* **TASK**:
Your output should be the line with "Do the same for the car (826,486,876,526)." followed by every remaining line of the entries, reproduced exactly.

[Stored entries]
---*---

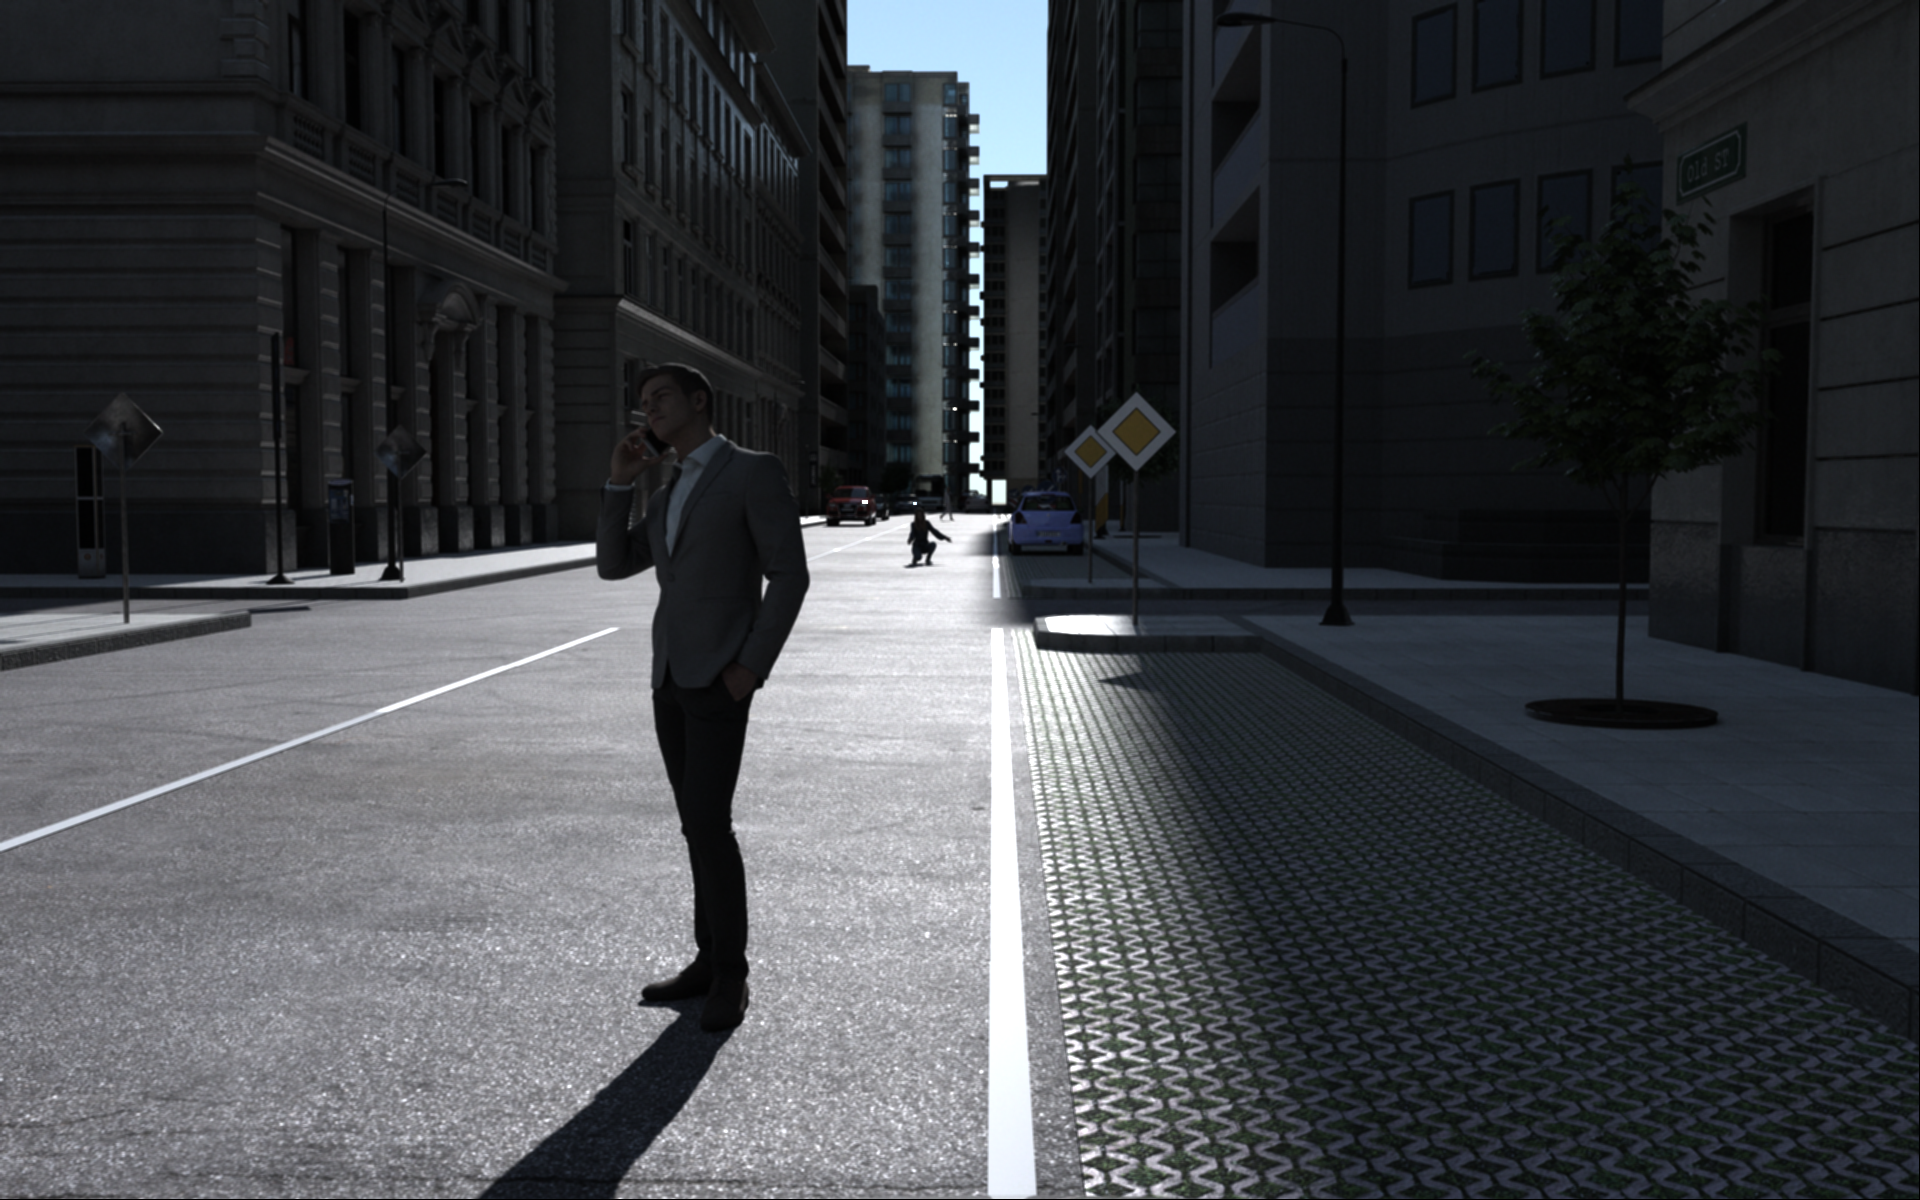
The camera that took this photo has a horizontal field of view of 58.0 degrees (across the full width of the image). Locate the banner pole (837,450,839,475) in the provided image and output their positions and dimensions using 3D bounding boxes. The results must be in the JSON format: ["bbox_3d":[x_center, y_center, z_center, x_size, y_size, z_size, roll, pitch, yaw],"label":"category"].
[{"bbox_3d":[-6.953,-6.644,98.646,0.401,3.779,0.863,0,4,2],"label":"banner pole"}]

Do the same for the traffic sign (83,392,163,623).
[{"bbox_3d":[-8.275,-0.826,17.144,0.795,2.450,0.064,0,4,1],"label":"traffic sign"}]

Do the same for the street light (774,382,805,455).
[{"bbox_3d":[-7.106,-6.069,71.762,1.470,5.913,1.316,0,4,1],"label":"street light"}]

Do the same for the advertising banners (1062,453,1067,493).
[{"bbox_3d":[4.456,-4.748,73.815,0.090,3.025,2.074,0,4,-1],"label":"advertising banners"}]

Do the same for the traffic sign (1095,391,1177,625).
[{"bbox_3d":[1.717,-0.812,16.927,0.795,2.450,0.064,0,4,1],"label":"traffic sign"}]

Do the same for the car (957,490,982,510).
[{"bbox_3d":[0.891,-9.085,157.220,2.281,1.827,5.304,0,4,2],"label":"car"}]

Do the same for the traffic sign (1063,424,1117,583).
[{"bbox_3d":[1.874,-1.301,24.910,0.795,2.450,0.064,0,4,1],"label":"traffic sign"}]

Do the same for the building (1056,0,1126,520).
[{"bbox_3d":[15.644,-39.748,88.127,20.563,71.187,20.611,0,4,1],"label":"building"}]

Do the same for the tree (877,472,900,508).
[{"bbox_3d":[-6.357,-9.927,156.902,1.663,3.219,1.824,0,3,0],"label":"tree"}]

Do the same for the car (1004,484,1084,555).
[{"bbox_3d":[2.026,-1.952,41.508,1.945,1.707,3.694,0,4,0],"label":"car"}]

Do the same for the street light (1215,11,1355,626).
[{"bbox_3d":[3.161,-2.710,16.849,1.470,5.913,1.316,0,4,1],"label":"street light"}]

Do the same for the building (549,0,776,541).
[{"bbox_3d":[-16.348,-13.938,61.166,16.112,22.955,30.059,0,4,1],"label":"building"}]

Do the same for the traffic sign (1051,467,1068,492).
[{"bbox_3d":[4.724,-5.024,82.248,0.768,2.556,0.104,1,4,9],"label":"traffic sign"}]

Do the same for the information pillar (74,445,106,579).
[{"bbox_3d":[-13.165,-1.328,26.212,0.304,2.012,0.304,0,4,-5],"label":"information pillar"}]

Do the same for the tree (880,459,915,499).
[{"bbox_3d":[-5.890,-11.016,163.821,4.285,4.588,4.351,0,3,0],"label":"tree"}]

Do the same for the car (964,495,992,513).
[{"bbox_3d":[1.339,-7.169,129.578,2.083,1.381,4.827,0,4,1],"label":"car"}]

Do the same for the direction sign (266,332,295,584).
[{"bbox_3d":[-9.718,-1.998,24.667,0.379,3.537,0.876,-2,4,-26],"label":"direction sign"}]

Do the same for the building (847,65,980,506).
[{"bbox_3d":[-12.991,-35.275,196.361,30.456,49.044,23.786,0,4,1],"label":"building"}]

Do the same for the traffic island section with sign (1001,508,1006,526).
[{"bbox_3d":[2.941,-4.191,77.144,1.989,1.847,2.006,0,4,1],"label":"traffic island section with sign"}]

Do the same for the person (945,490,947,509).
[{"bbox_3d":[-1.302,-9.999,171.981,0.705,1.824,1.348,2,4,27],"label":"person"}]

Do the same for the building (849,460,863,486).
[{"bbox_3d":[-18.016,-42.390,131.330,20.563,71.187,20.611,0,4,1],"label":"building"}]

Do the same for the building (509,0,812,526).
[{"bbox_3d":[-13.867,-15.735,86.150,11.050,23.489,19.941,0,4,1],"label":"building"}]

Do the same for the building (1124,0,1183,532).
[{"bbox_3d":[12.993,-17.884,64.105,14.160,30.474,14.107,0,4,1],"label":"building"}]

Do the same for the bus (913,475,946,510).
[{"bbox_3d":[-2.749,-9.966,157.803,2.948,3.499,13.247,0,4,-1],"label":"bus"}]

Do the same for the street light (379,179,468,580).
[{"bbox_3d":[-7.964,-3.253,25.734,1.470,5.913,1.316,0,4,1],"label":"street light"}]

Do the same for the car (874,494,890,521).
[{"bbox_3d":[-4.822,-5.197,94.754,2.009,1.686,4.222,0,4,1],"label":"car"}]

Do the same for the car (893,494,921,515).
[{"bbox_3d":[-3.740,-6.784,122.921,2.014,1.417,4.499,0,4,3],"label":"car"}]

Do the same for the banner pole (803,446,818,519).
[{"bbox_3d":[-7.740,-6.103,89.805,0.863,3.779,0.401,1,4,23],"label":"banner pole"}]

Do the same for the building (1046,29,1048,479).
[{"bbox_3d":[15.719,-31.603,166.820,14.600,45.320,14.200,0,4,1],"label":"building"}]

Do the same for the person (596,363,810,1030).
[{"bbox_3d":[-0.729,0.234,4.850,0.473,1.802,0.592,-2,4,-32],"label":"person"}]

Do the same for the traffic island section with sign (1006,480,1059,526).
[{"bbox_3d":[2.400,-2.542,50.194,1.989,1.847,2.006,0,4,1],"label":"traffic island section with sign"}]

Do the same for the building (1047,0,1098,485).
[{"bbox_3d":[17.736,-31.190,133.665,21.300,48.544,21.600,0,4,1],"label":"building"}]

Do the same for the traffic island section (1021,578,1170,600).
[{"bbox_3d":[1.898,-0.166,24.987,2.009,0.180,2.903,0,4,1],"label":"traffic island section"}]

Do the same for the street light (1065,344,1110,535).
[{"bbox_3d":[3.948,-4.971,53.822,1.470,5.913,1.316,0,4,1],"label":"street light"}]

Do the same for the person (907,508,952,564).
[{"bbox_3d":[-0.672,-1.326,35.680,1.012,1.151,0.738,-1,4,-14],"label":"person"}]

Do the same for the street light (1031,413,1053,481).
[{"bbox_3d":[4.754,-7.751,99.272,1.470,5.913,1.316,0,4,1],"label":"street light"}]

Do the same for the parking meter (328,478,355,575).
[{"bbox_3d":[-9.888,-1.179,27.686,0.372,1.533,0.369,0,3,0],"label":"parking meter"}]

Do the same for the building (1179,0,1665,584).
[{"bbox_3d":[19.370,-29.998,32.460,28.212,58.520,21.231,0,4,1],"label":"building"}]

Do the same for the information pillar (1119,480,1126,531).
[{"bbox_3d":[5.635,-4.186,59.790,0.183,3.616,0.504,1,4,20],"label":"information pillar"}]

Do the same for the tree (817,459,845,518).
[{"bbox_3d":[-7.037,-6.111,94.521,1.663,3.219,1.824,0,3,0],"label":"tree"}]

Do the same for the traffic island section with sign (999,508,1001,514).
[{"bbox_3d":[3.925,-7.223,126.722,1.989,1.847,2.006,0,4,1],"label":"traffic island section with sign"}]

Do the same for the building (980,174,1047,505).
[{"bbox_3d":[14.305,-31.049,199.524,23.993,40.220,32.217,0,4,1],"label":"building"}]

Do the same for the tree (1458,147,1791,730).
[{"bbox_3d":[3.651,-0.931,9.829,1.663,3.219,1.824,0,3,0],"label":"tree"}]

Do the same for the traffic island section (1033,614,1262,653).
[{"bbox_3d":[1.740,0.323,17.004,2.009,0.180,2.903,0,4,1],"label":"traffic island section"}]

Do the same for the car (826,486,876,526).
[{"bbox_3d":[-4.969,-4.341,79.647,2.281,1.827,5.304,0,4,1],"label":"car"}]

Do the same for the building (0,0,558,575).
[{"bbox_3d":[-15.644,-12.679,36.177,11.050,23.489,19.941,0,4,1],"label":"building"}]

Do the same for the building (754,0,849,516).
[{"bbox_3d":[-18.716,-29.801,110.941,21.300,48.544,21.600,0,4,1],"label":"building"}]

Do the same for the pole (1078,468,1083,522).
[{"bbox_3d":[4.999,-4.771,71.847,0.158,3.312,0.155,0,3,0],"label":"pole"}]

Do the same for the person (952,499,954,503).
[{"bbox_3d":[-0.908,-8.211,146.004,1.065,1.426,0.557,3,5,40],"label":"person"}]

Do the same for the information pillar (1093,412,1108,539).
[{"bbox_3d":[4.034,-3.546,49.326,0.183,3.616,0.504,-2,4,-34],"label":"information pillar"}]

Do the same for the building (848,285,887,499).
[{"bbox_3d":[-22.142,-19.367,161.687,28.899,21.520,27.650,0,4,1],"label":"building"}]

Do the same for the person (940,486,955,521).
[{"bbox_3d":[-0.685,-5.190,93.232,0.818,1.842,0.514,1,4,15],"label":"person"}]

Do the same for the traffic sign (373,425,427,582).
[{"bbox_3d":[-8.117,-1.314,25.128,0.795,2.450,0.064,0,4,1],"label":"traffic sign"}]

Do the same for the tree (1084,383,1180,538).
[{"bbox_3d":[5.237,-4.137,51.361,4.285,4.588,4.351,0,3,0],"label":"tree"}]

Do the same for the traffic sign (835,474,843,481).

---*---

* **EXPECTED ANSWER**:
Do the same for the car (826,486,876,526).
[{"bbox_3d":[-4.969,-4.341,79.647,2.281,1.827,5.304,0,4,1],"label":"car"}]

Do the same for the building (0,0,558,575).
[{"bbox_3d":[-15.644,-12.679,36.177,11.050,23.489,19.941,0,4,1],"label":"building"}]

Do the same for the building (754,0,849,516).
[{"bbox_3d":[-18.716,-29.801,110.941,21.300,48.544,21.600,0,4,1],"label":"building"}]

Do the same for the pole (1078,468,1083,522).
[{"bbox_3d":[4.999,-4.771,71.847,0.158,3.312,0.155,0,3,0],"label":"pole"}]

Do the same for the person (952,499,954,503).
[{"bbox_3d":[-0.908,-8.211,146.004,1.065,1.426,0.557,3,5,40],"label":"person"}]

Do the same for the information pillar (1093,412,1108,539).
[{"bbox_3d":[4.034,-3.546,49.326,0.183,3.616,0.504,-2,4,-34],"label":"information pillar"}]

Do the same for the building (848,285,887,499).
[{"bbox_3d":[-22.142,-19.367,161.687,28.899,21.520,27.650,0,4,1],"label":"building"}]

Do the same for the person (940,486,955,521).
[{"bbox_3d":[-0.685,-5.190,93.232,0.818,1.842,0.514,1,4,15],"label":"person"}]

Do the same for the traffic sign (373,425,427,582).
[{"bbox_3d":[-8.117,-1.314,25.128,0.795,2.450,0.064,0,4,1],"label":"traffic sign"}]

Do the same for the tree (1084,383,1180,538).
[{"bbox_3d":[5.237,-4.137,51.361,4.285,4.588,4.351,0,3,0],"label":"tree"}]

Do the same for the traffic sign (835,474,843,481).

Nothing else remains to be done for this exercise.